В трилогии, таким образом, изображены две трагические судьбы, вытекающие из двух полярных отношений к действительности. В глазах Шиллера оба эти пути являются односторонними. Ни «реализм» Валленштейна, ни «идеализм» Макса не могут привести к решению той исторической задачи, которая была выдвинута эпохой. По концепции Шиллера (в статье «О наивной и сентиментальной поэзии»), только органическое сочетание лучших черт того и другого могло бы дать торжество справедливым началам жизни. Но при этом очевидно, что «идеализм» Макса, хотя Шиллер и понимает его ограниченность, все же бесконечно ближе ему «реализма» Валленштейна, и все симпатии автора на стороне благородного молодого человека.

Это не помешало Шиллеру объективно изобразить судьбу обоих героев, воплощавших противоположные жизненные принципы. Реализм Шиллера проявился в том, что он с огромной художественной убедительностью показал необходимость сочетания стремлений личности с широкими социальными движениями своего времени.

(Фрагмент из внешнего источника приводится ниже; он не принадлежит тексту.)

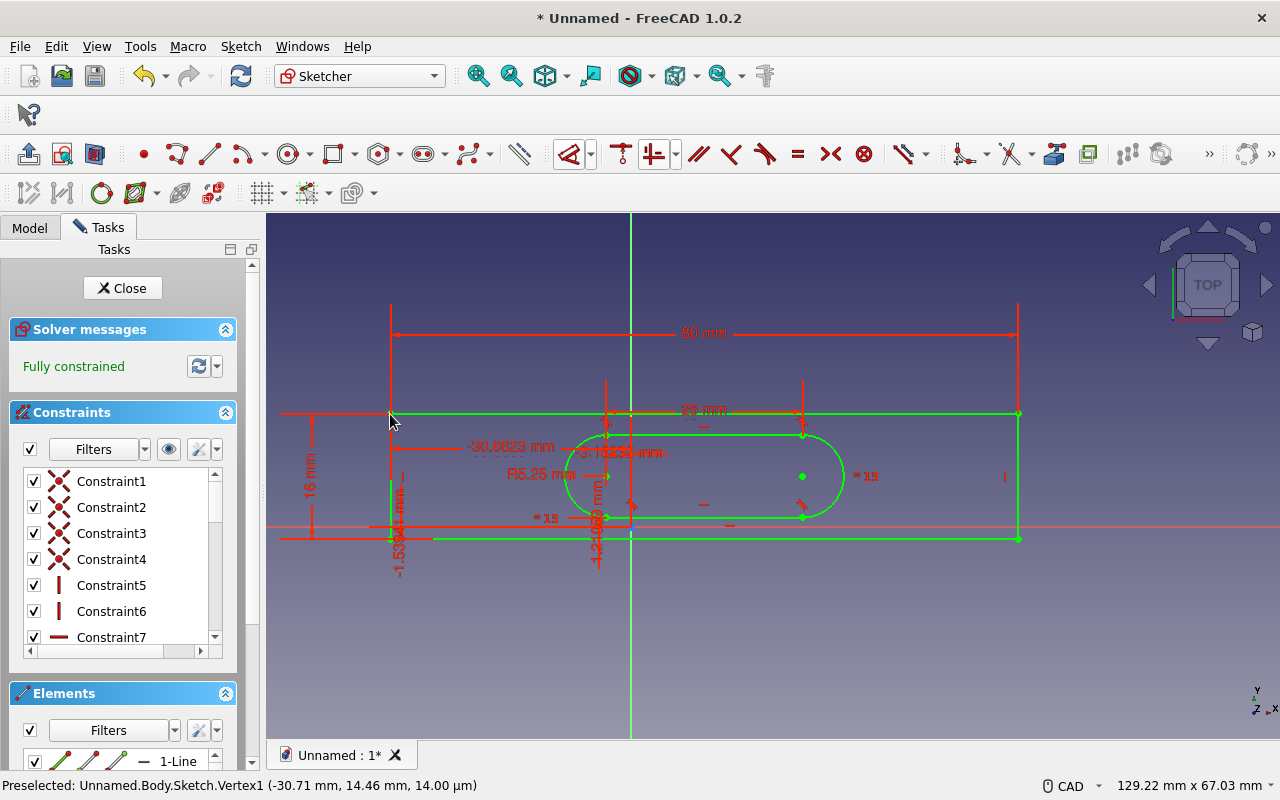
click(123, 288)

В исторических событиях, среди борения многих сил, единичный человек сам определяет свою судьбу, выбирая то или иное направление деятельности. Личность - не бессильная песчинка в историческом процессе, но и не всемогущая сила. Ее мощь возрастает, когда она сливается с могучим историческим потоком, ее значение утрачивается, когда она пытается утвердить себя вне этого потока. Но при этом не всякое историческое движение равноценно. Октавио связал свою судьбу с империей, уже обреченной на гибель, и его возвышение является мнимым. Поэтому так жалко звучит его фраза, полная торжества: «Я князь Пикколомини». Макс же, который не примыкает ни к одной из борющихся сил, уходит из жизни как подлинный герой, ибо хотя торжество его принципов дело отдаленного будущего, но оно неизбежно, и он оказывается предвестником этой далекой, но несомненной для Шиллера победы лучших начал жизни.





В беседах с Эккерманом Гете с высокой похвалой отзывался о «могучих фигурах» в трилогии и отмечал то сильное впечатление, которое производит «вся пьеса в целом». В беседе 23 июля 1827 года Гете обобщил свою оценку словами: «Валленштейн» Шиллера такое крупное произведение, что второго, равного ему, невозможно найти». Высоко ценил трилогию Шиллера и великий мыслитель и писатель А. И. Герцен.

В «Былом и думах» он рассказывает, как в 1829 и 1830 годах писал философскую статью о шиллеровском «Валленштейне». Восторженное отношение к произведению Шиллера Герцен сохранил и в пору зрелости, когда в 1853 году назвал «Валленштейна» «гигантским произведением». Белинский, неоднократно критиковавший слабые стороны творчества Шиллера, считал «Валленштейна» одним из лучших его творений. Когда в 1859 году, во время празднования столетия со дня рождения поэта, комитет в английском городе Манчестере, где жил тогда Энгельс, намечал постановку какой-либо драмы Шиллера, Энгельс рекомендовал «Лагерь Валленштейна» и сам принимал участие в организации спектакля.